Extracted entries ->
************

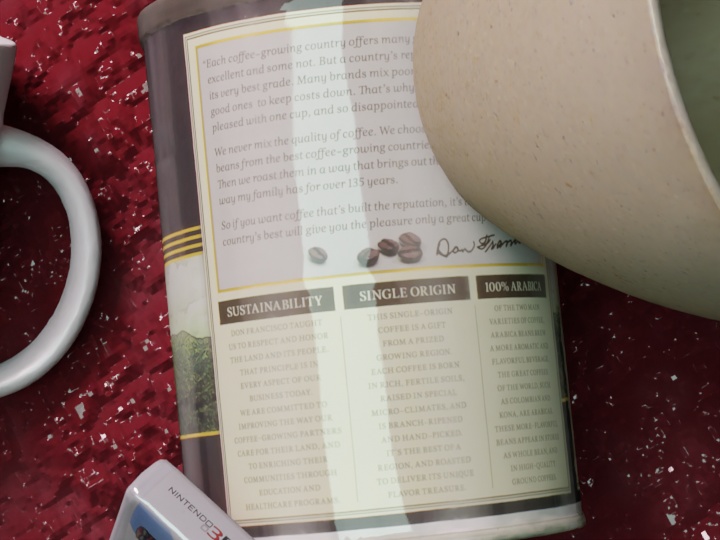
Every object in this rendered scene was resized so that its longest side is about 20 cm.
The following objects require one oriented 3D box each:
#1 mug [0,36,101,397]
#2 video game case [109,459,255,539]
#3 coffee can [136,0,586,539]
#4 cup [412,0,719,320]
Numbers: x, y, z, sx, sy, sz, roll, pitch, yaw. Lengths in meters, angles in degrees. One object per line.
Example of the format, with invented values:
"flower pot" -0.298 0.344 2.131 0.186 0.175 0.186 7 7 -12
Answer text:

************

What the exercise asks -> Find "#3 coffee can [136,0,586,539]" in the material above; set down exactly the line holding it and every line after it, through the last, and no others.

Task response ->
#3 coffee can [136,0,586,539]
#4 cup [412,0,719,320]
Numbers: x, y, z, sx, sy, sz, roll, pitch, yaw. Lengths in meters, angles in degrees. One object per line.
Example of the format, with invented values:
"flower pot" -0.298 0.344 2.131 0.186 0.175 0.186 7 7 -12
Answer text:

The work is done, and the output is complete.